The inmates on death row at Northern Correctional Institution in Somers had their sentences commuted to life in prison without the opportunity for parole.
State Department of Correction Commissioner Angel Quiros cited the declining number of inmates in Connecticut prisons and his “obligation to the taxpayers of Connecticut” as the primary factors to closing the facility, the CT Mirror reported.
There are two possibilities for Northern's inmates: Move to another prison under the same conditions or lawmakers would have to revise the amendment to the state statute that repealed the death penalty.
The bill created “special circumstances” to ensure harsher conditions for men who had been on death row than inmates in the general population.
These are some of the infamous convicted killers who served time at Northern Correctional Institution:
Michael Ross
Michael Ross was the last death row inmate to be executed in Connecticut, in 2005. Ross was convicted of six counts of capital felony murder in the deaths of four Connecticut women, some as young as 14 years old, according to court documents.

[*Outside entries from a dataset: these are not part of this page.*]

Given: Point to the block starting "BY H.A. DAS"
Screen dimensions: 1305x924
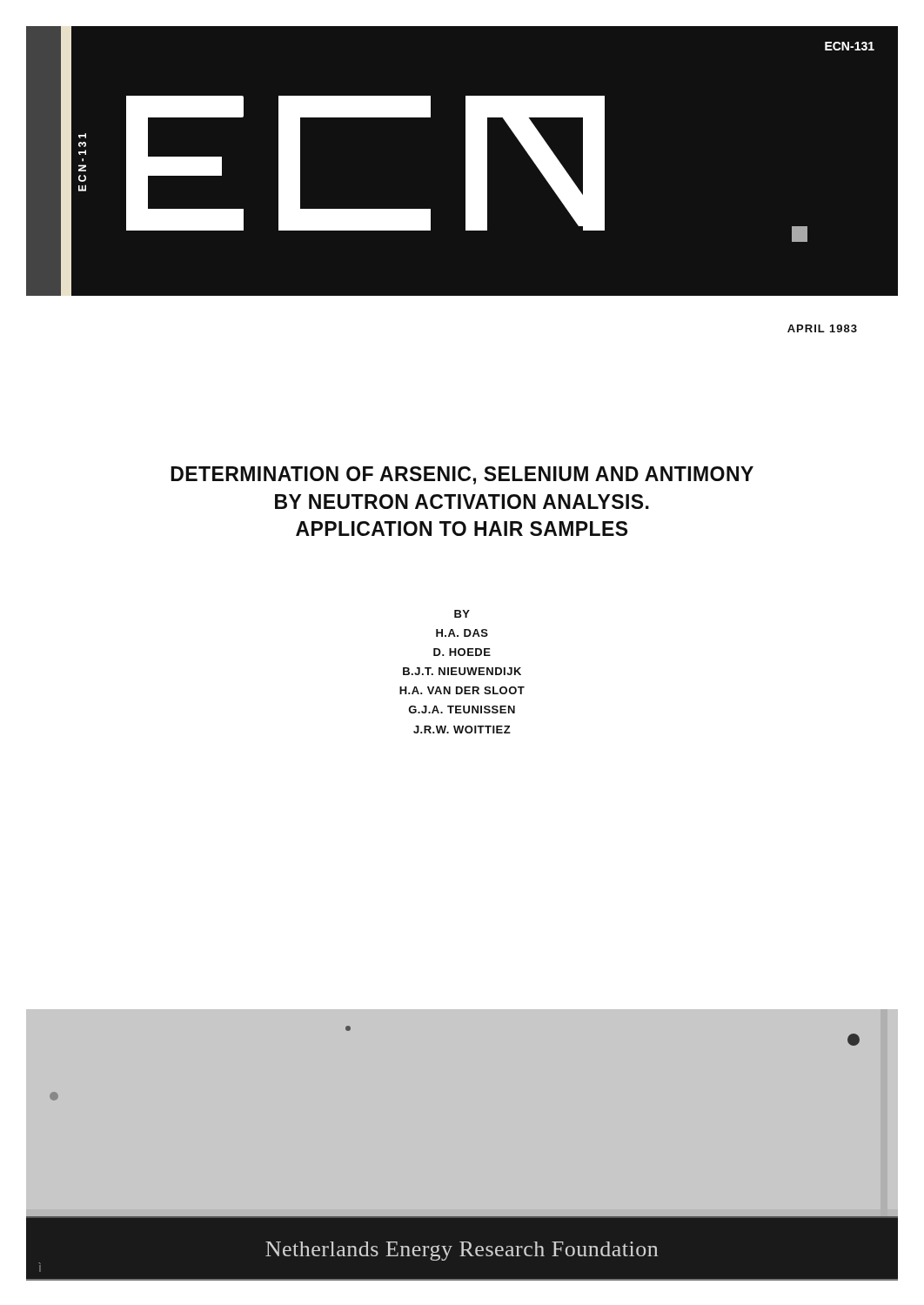Looking at the screenshot, I should [x=462, y=672].
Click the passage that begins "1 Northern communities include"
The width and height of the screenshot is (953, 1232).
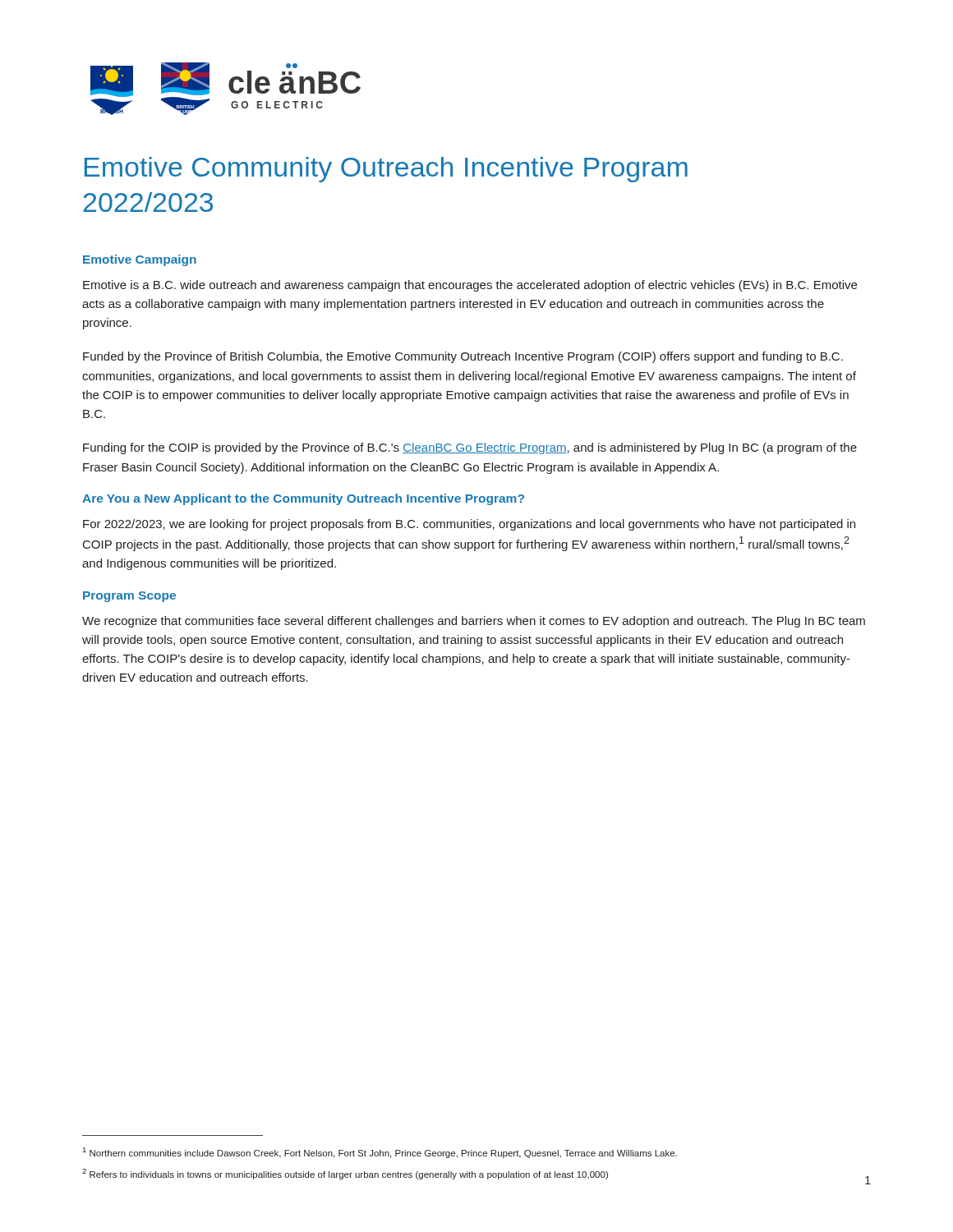pos(476,1152)

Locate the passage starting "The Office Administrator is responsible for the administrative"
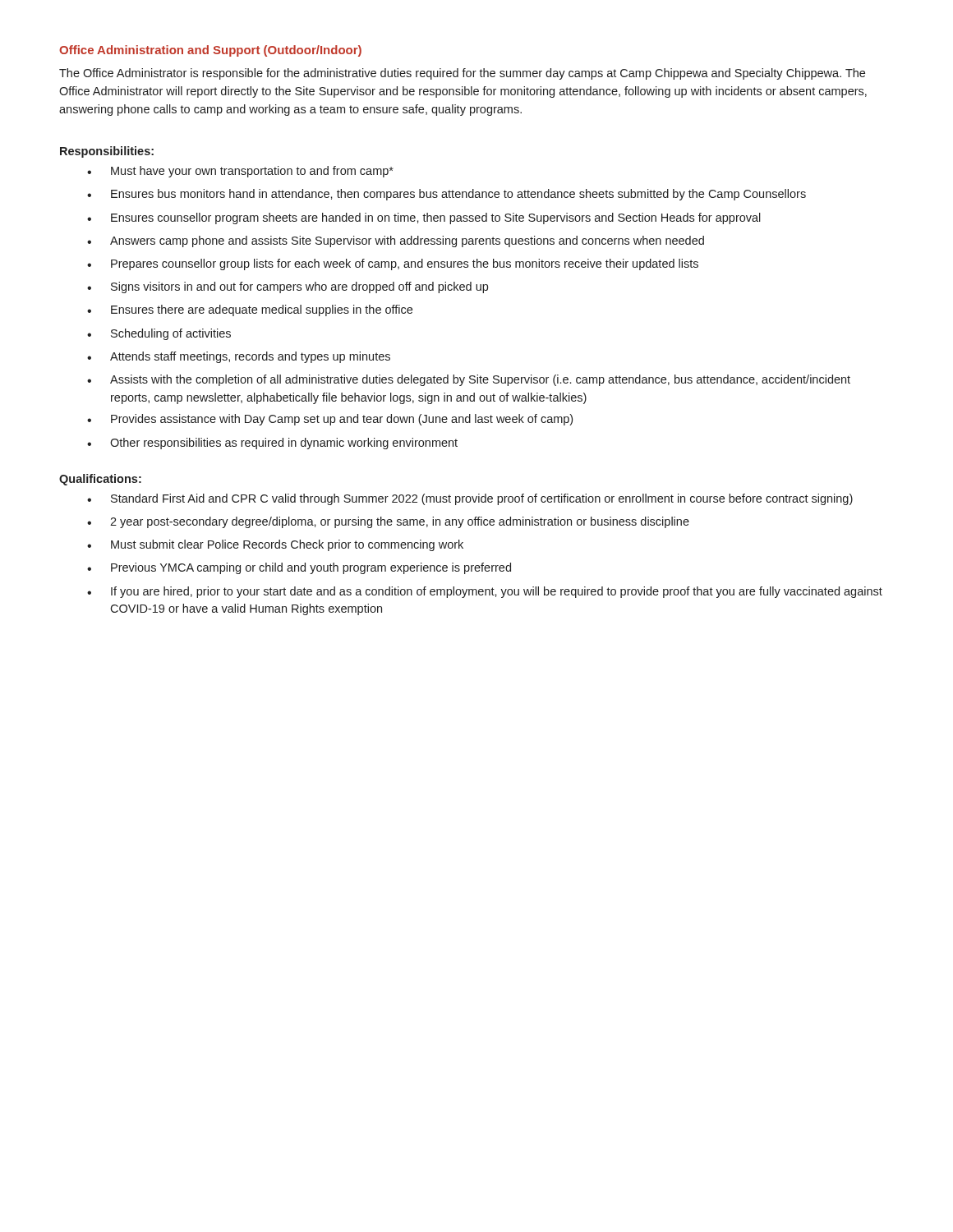(x=463, y=91)
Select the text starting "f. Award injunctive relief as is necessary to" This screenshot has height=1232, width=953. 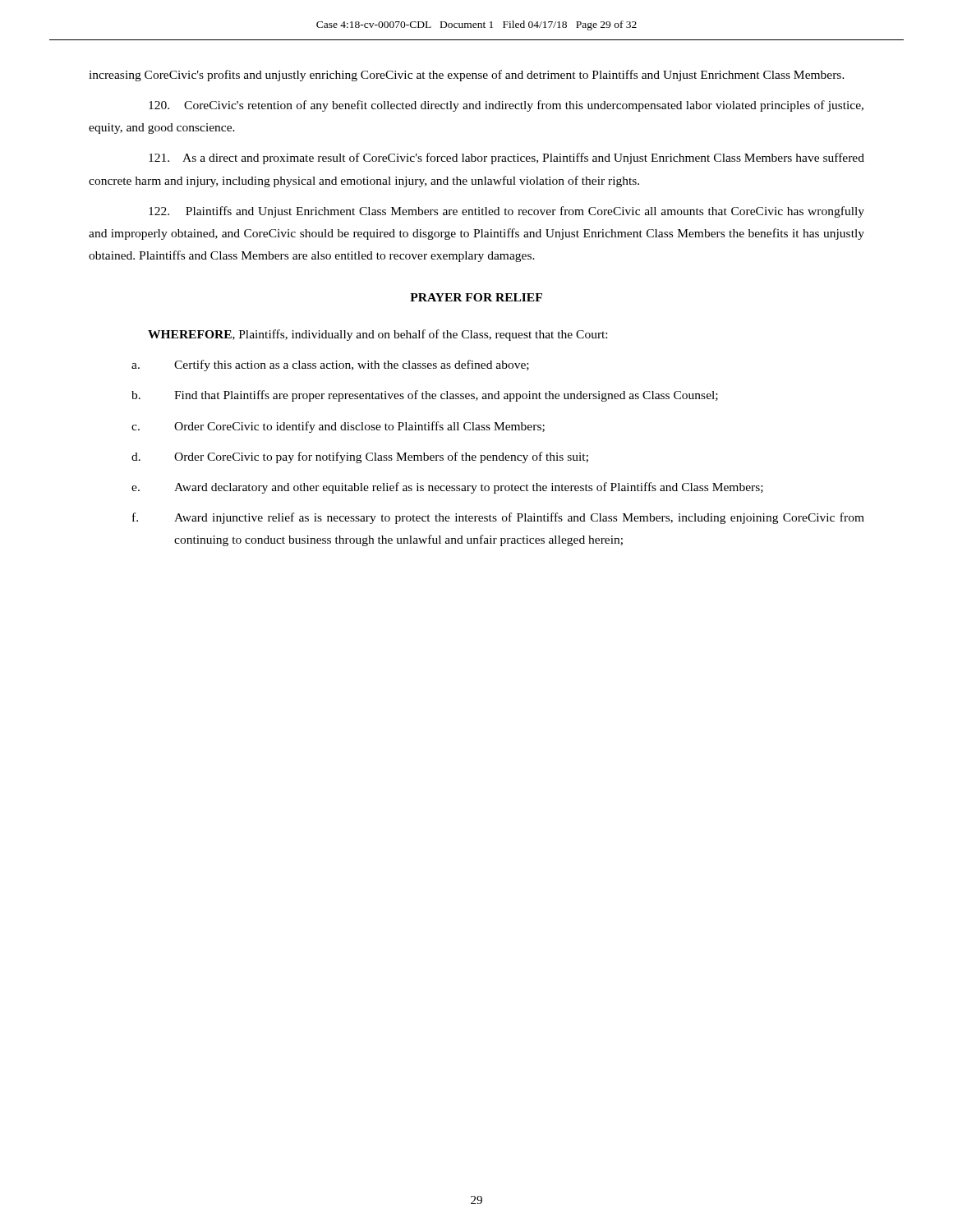click(476, 528)
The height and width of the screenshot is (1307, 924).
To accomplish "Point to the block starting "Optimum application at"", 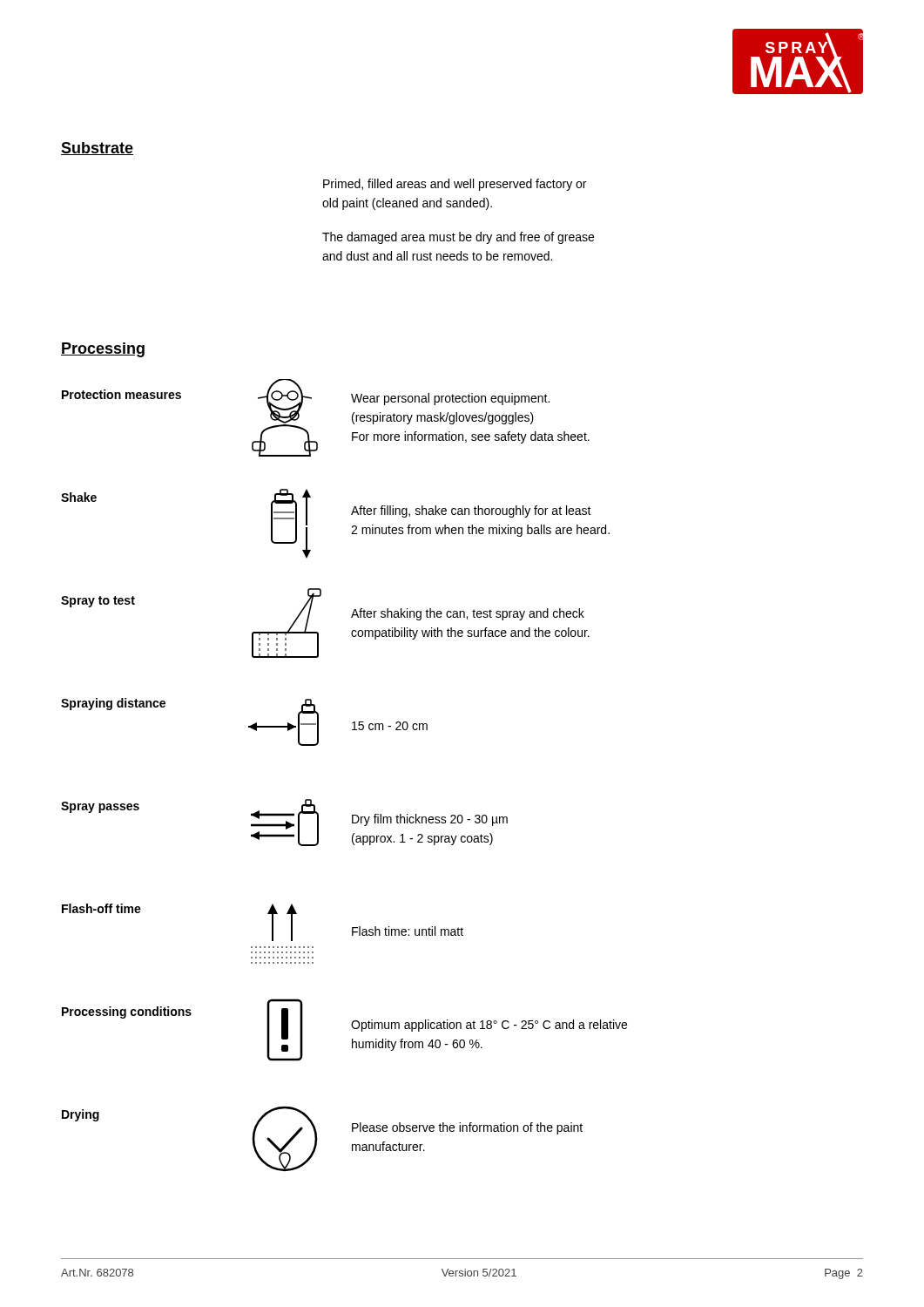I will pyautogui.click(x=489, y=1034).
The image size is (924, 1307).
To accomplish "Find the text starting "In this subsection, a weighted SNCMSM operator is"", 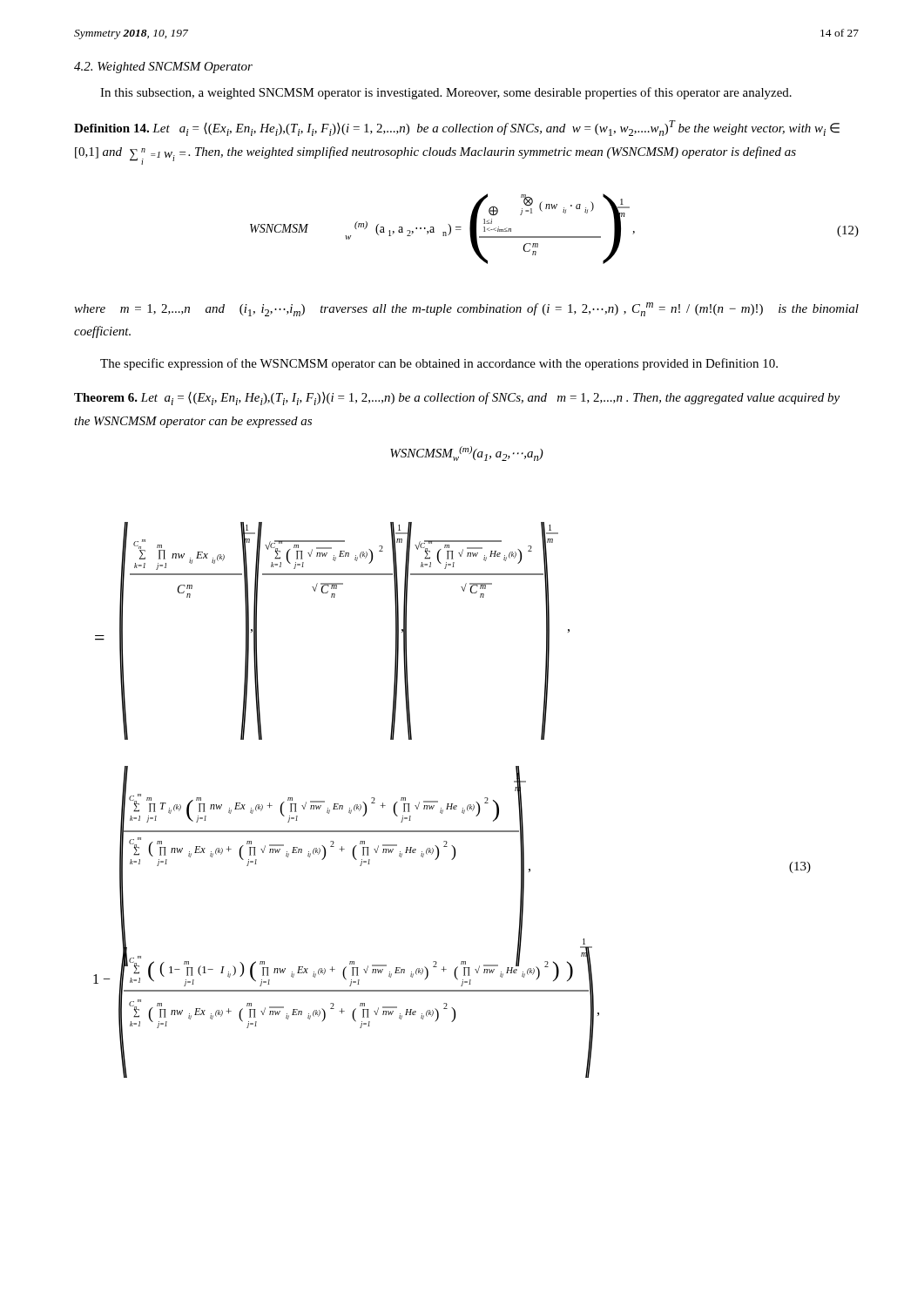I will [x=446, y=92].
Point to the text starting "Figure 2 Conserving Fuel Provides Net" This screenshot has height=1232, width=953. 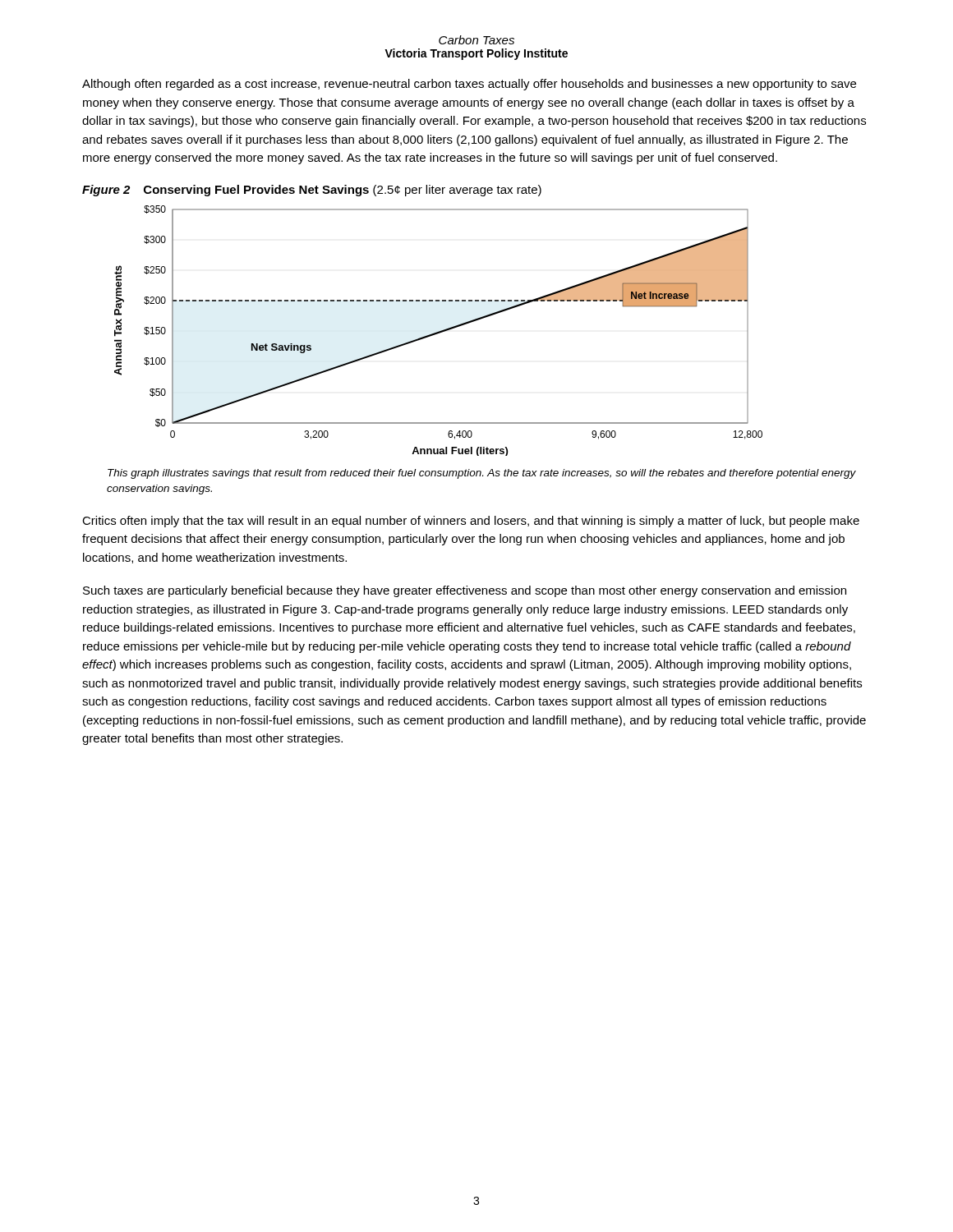coord(312,189)

Ross encountered the women walking on the roadside or in a secluded area, mostly in southeastern Connecticut, and then either lured or overpowered them to bring them to a location where he raped and strangled them, court documents said.
Eduardo Santiago
Eduardo Santiago, a former Torrington resident, was sentenced to death after being convicted in a 2000 murder-for-hire plot.
Santiago and two others shot a man while he was sleeping in his West Hartford apartment, court documents said. Santiago had been promised a snowmobile in exchange for the killing, according to the documents.
Santiago was the first death row inmate to challenge the constitutionality of the state keeping inmates on death row after the punishment was repealed in 2012.
The state Supreme Court agreed with Santiago in 2015.
Since the 2015 ruling, all of the death row cases have been converted to life in prison without the possibility of parole.
Steven Hayes and Joshua Komisarjevsky
Steven Hayes and Joshua Komisarjevsky were perhaps the state’s highestprofile inmates on death row before the death punishment was repealed in 2012.
The pair broke into the Cheshire home of the Petit family in the early morning hours of July 23, 2007. Dr. William Petit, a well-respected endocrinologist, was beaten by the pair and then tied up in the basement as Hayes and Komisarjevsky held his family hostage upstairs for hours, court documents state.
Hayes forced Petit’s wife, Jennifer Hawke-Petit, to go to the bank to withdraw money from the family’s accounts before raping and strangling the woman, according to court documents.
The couple’s daughters, Michaela, 11, and Hayley, 17, were tied to their beds and died after Hayes and Komisarjevsky set the home on fire, court documents said.
Petit was able to free himself and escape the blaze.
Hayes and Komisarjevsky were each convicted and sentenced to death. They are serving their time in a Pennsylvania federal prison.
Russell Peeler
Russell Peeler was convicted of ordering the Bridgeport killings of 8year-old B.J. Brown and his mother, Karen Clarke, in January 2009.
The child was a witness to a drive-by shooting that Peeler committed in May 2018, court documents said.
Peeler later killed the driver, Rudolph Snead, because the man went to police about the shooting, court documents said. He then asked associates, including his brother, Adrian Peeler, to kill the boy and his mother as a way of eliminating any witnesses to the drive-by shooting, which could connect him with Snead’s death, court documents said.
Richard Roszkowski
Richard Roszkowski was the last man sentenced to death in 2012 for the 2006 killings of a Bridgeport mother, her 9-year-old daughter and a man who came to their aid.